[Records from a collection]
╔══

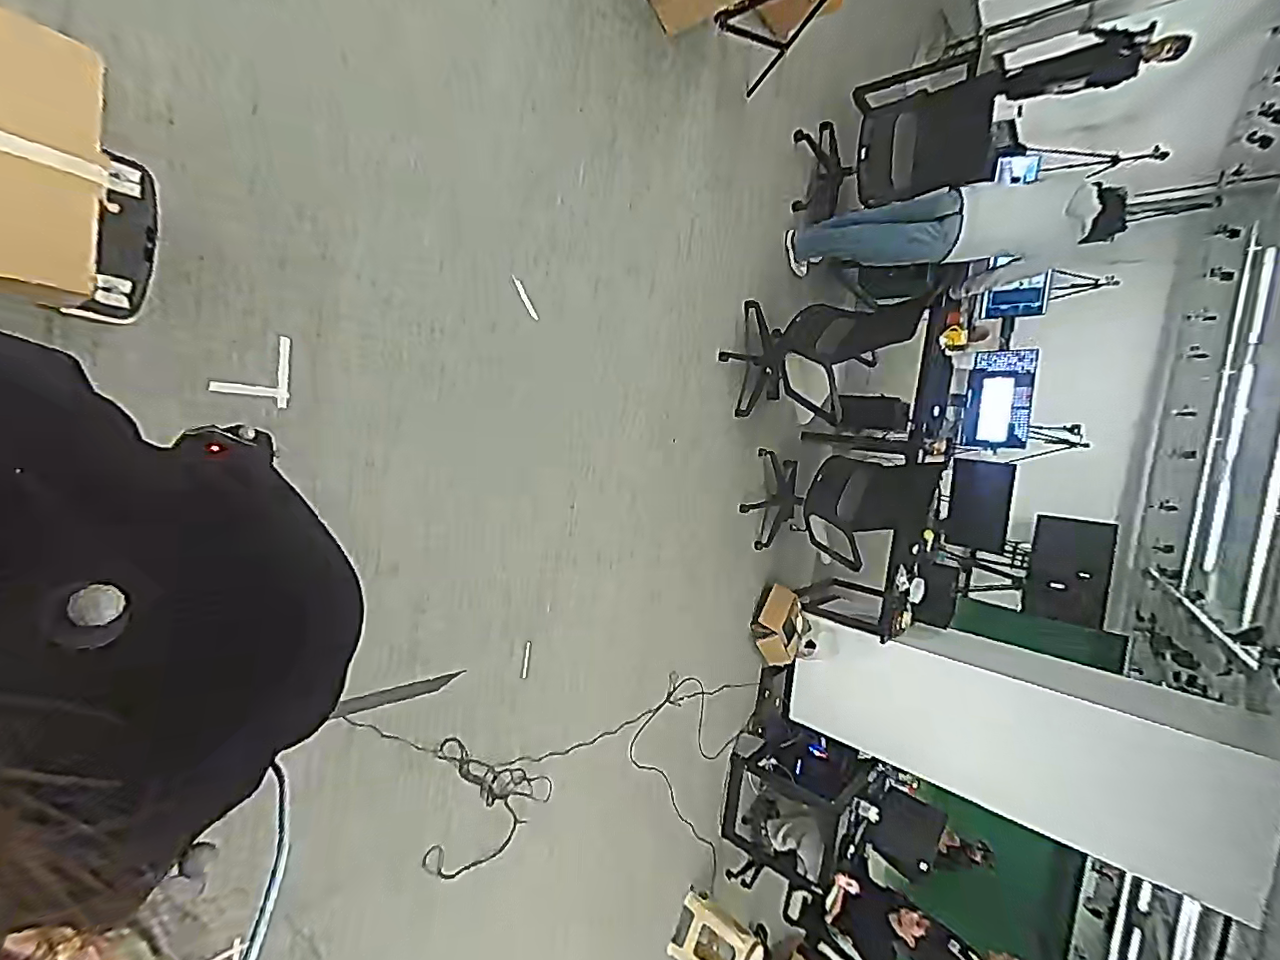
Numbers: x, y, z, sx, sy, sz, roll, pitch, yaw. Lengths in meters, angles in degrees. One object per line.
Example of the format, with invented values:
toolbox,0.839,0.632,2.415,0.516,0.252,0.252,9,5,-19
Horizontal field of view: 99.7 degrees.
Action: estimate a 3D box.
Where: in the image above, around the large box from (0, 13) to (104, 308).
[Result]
large box,-0.948,-0.416,0.657,0.408,0.320,0.320,2,95,-50
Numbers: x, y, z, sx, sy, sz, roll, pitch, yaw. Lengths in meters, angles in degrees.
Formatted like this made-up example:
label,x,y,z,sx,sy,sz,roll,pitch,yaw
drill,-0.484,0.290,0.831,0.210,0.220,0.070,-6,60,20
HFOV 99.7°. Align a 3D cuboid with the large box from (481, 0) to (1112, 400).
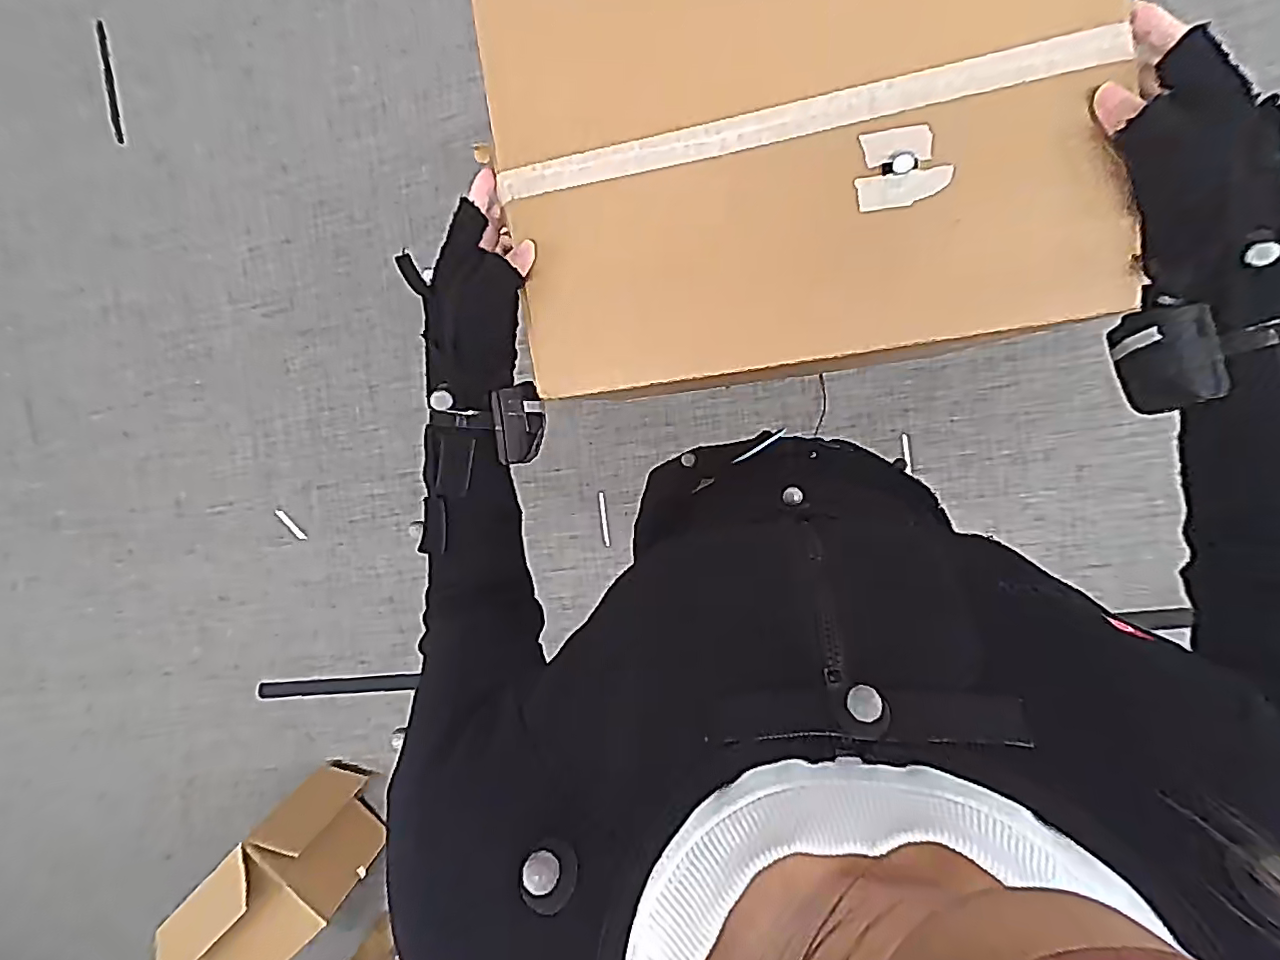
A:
label,x,y,z,sx,sy,sz,roll,pitch,yaw
large box,0.119,-0.262,0.521,0.408,0.320,0.320,-7,97,9
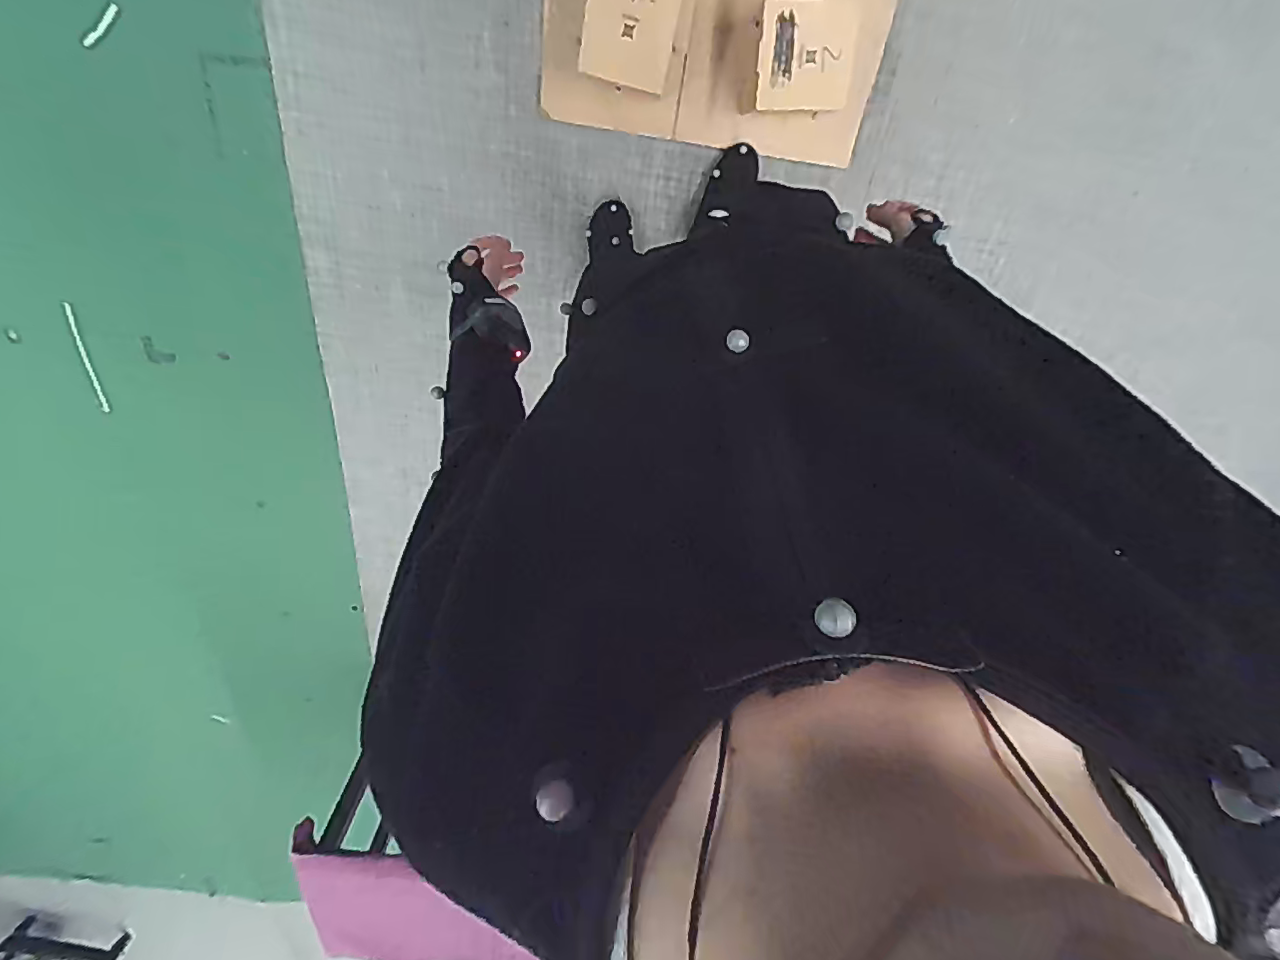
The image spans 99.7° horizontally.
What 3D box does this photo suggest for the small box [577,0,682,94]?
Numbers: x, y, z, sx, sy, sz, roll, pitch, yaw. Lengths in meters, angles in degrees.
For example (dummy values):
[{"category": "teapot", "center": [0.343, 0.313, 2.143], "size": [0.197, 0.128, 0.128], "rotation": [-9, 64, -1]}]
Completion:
[{"category": "small box", "center": [-0.016, -0.862, 1.030], "size": [0.168, 0.176, 0.179], "rotation": [12, 120, -7]}]
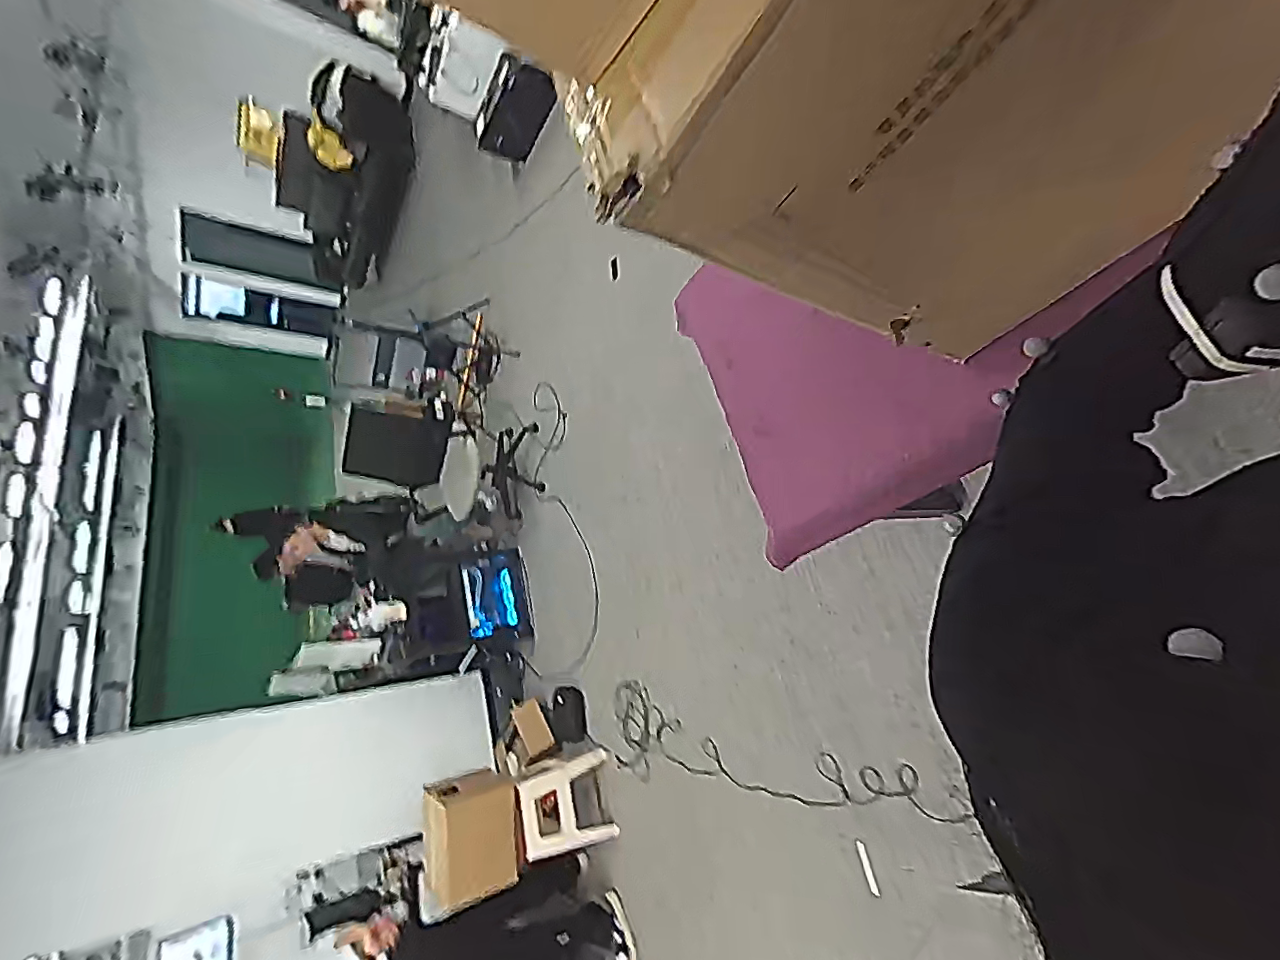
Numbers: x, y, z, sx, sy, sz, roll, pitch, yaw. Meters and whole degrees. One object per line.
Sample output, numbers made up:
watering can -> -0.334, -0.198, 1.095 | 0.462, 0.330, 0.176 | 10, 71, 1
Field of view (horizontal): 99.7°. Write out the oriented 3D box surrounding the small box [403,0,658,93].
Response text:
small box -> -0.061, -0.392, 0.319 | 0.179, 0.176, 0.168 | -22, 73, 48
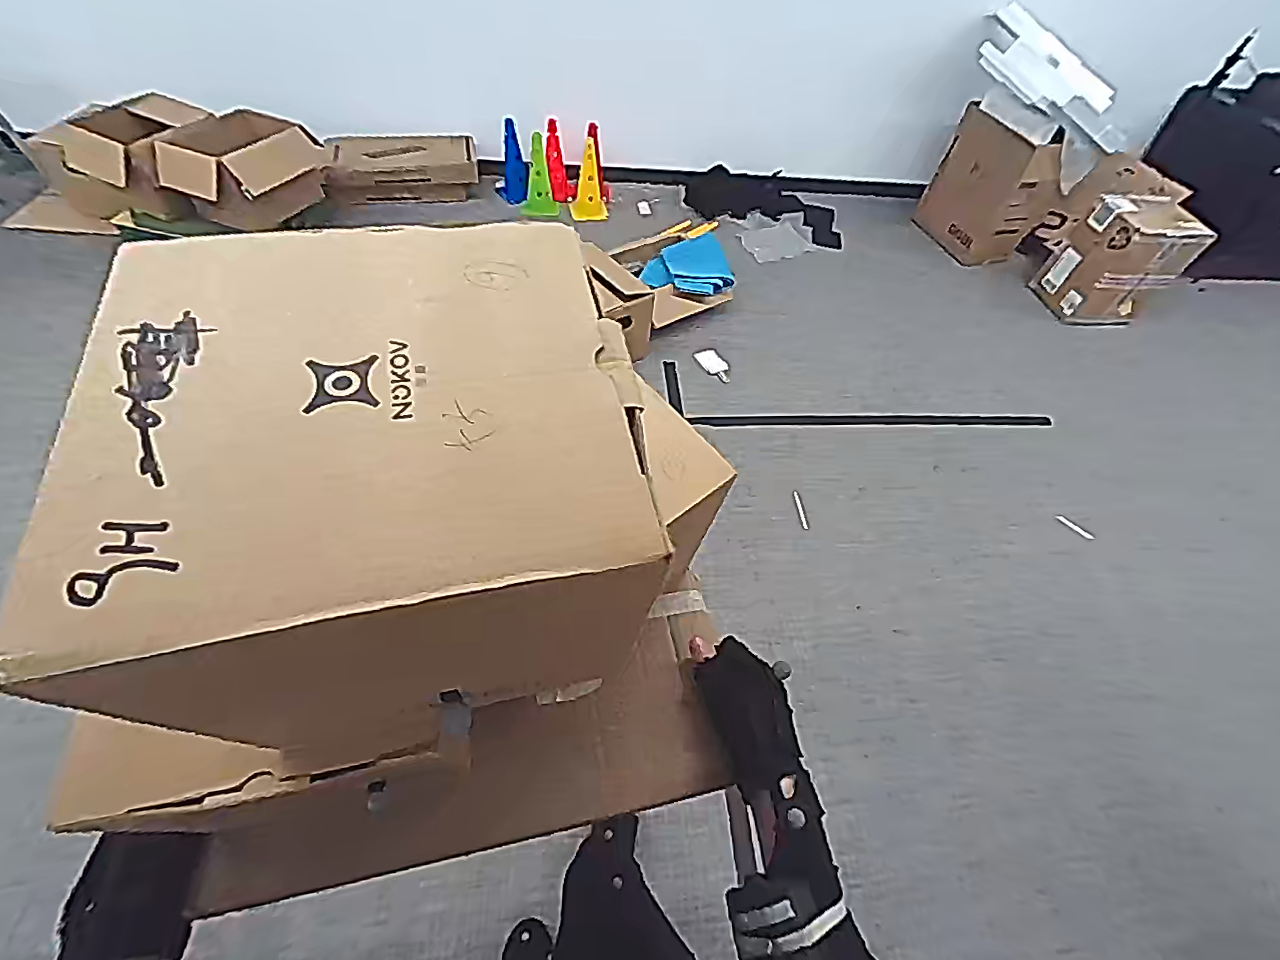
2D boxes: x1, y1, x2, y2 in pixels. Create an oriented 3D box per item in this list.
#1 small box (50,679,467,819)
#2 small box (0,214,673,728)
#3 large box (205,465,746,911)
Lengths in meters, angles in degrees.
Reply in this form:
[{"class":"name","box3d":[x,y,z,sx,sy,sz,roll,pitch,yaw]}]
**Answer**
[{"class":"small box","box3d":[-0.212,0.110,0.364,0.168,0.176,0.179,-5,58,-16]},{"class":"small box","box3d":[-0.102,0.003,0.255,0.179,0.176,0.168,-8,60,-14]},{"class":"large box","box3d":[-0.158,0.212,0.600,0.408,0.320,0.320,-6,60,-15]}]
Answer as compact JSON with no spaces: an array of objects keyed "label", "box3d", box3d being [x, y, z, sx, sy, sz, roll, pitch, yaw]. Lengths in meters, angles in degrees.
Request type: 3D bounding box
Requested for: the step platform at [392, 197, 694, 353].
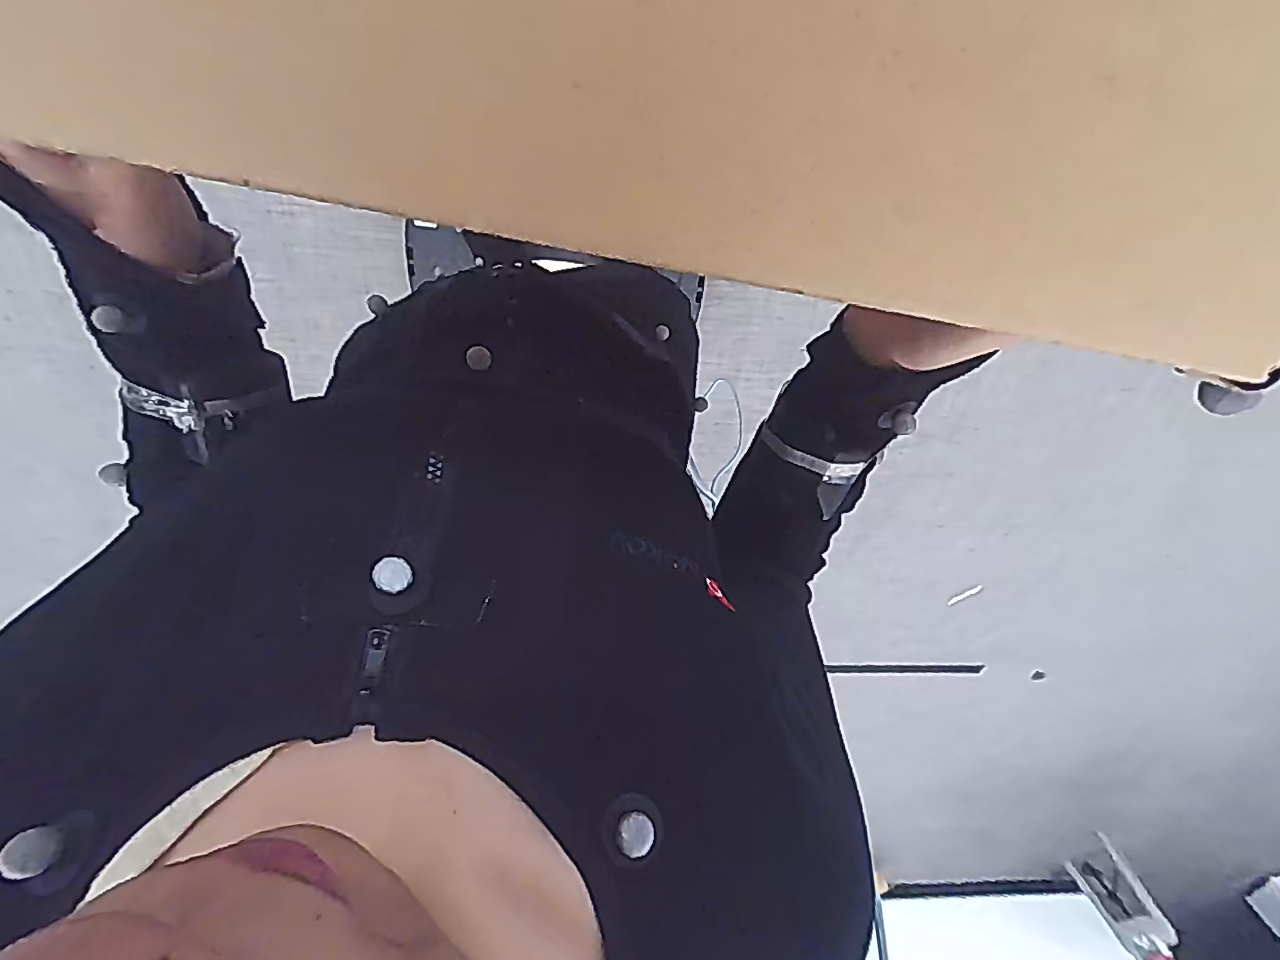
[{"label":"step platform","box3d":[-0.217,-0.505,1.288,0.684,0.204,0.286,8,120,-7]}]
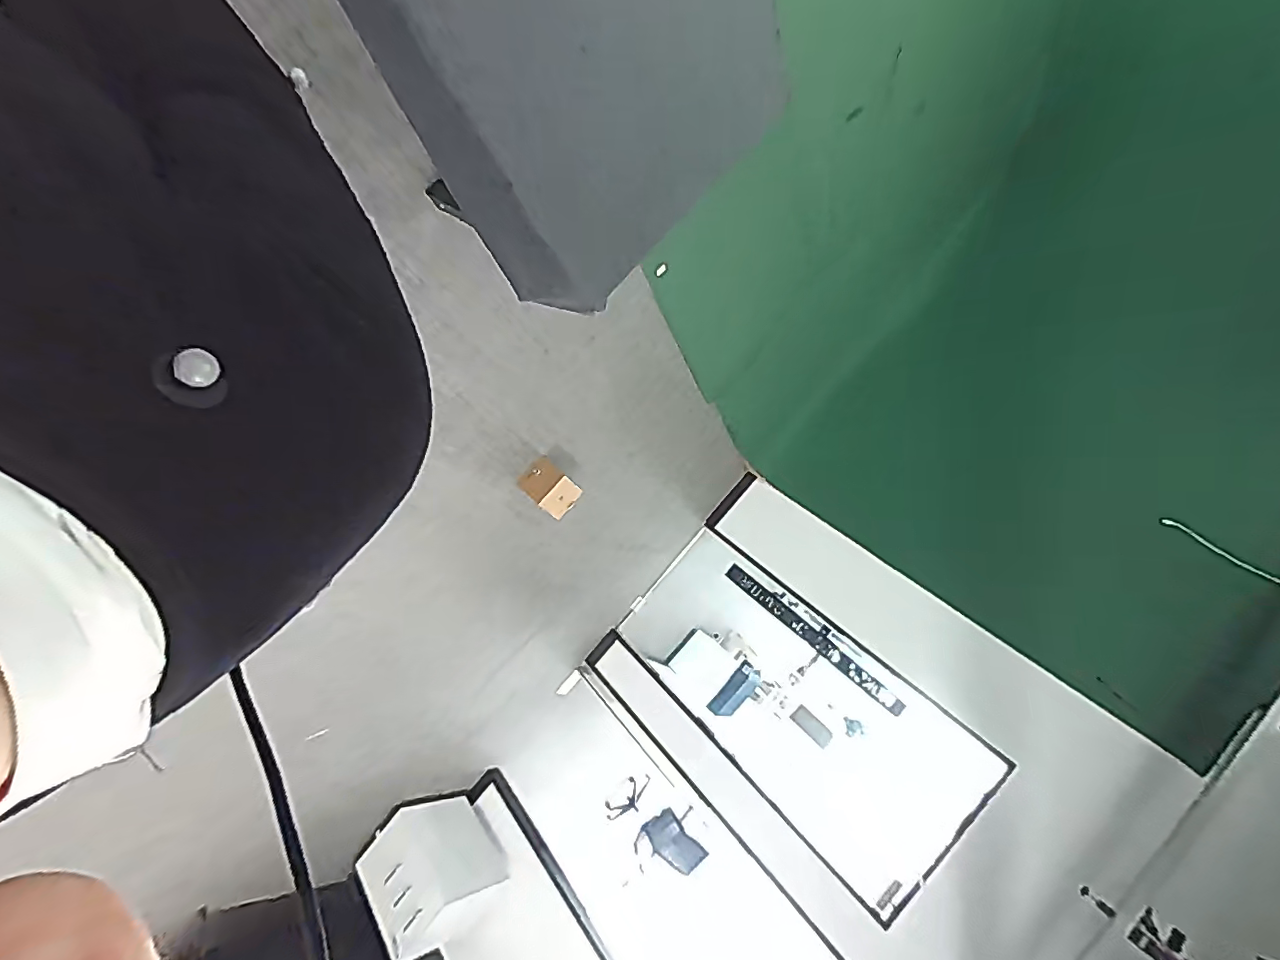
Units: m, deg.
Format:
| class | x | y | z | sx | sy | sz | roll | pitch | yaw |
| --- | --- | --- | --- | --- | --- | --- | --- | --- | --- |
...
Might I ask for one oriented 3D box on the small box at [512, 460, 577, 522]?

╚══

- What to work on:
From the first line to the last, repeat the entries exactly and leave out the pictures.

- Solution below:
Numbers: x, y, z, sx, sy, sz, roll, pitch, yaw. Lengths in meters, angles in degrees. One object per line.
Example of the format, with invented values:
toolbox,0.839,0.632,2.415,0.516,0.252,0.252,9,5,-19
Horizontal field of view: 99.7 degrees.
Action: estimate a 3D box.
Where: in the image above, around the large box from (0, 13) to (104, 308).
[Result]
large box,-0.948,-0.416,0.657,0.408,0.320,0.320,2,95,-50
Numbers: x, y, z, sx, sy, sz, roll, pitch, yaw. Lengths in meters, angles in degrees.
Formatted like this made-up example:
label,x,y,z,sx,sy,sz,roll,pitch,yaw
drill,-0.484,0.290,0.831,0.210,0.220,0.070,-6,60,20
HFOV 99.7°. Align a 3D cuboid with the large box from (481, 0) to (1112, 400).
A:
label,x,y,z,sx,sy,sz,roll,pitch,yaw
large box,0.119,-0.262,0.521,0.408,0.320,0.320,-7,97,9
The image spans 99.7° horizontally.
What 3D box does this photo suggest for the small box [577,0,682,94]?
Numbers: x, y, z, sx, sy, sz, roll, pitch, yaw. Lengths in meters, angles in degrees.
For example (dummy values):
[{"category": "teapot", "center": [0.343, 0.313, 2.143], "size": [0.197, 0.128, 0.128], "rotation": [-9, 64, -1]}]
Completion:
[{"category": "small box", "center": [-0.016, -0.862, 1.030], "size": [0.168, 0.176, 0.179], "rotation": [12, 120, -7]}]
Numbers: x, y, z, sx, sy, sz, roll, pitch, yaw. Meters and whole degrees. One object per line.
Sample output, numbers made up:
watering can -> -0.334, -0.198, 1.095 | 0.462, 0.330, 0.176 | 10, 71, 1
Field of view (horizontal): 99.7°. Write out the oriented 3D box surrounding the small box [403,0,658,93].
Response text:
small box -> -0.061, -0.392, 0.319 | 0.179, 0.176, 0.168 | -22, 73, 48
2D boxes: x1, y1, x2, y2 in pixels. Create an oriented 3D box per item in this list.
#1 small box (50,679,467,819)
#2 small box (0,214,673,728)
#3 large box (205,465,746,911)
Lengths in meters, angles in degrees.
Reply in this form:
[{"class":"name","box3d":[x,y,z,sx,sy,sz,roll,pitch,yaw]}]
**Answer**
[{"class":"small box","box3d":[-0.212,0.110,0.364,0.168,0.176,0.179,-5,58,-16]},{"class":"small box","box3d":[-0.102,0.003,0.255,0.179,0.176,0.168,-8,60,-14]},{"class":"large box","box3d":[-0.158,0.212,0.600,0.408,0.320,0.320,-6,60,-15]}]
Answer as compact JSON with no spaces: an array of objects keyed "label", "box3d", box3d being [x, y, z, sx, sy, sz, roll, pitch, yaw]. Lengths in meters, angles in degrees.
Request type: 3D bounding box
Requested for: the step platform at [392, 197, 694, 353].
[{"label":"step platform","box3d":[-0.217,-0.505,1.288,0.684,0.204,0.286,8,120,-7]}]
Units: m, deg.
Format:
| class | x | y | z | sx | sy | sz | roll | pitch | yaw |
| --- | --- | --- | --- | --- | --- | --- | --- | --- | --- |
...
Might I ask for one oriented 3D box on the small box at [512, 460, 577, 522]?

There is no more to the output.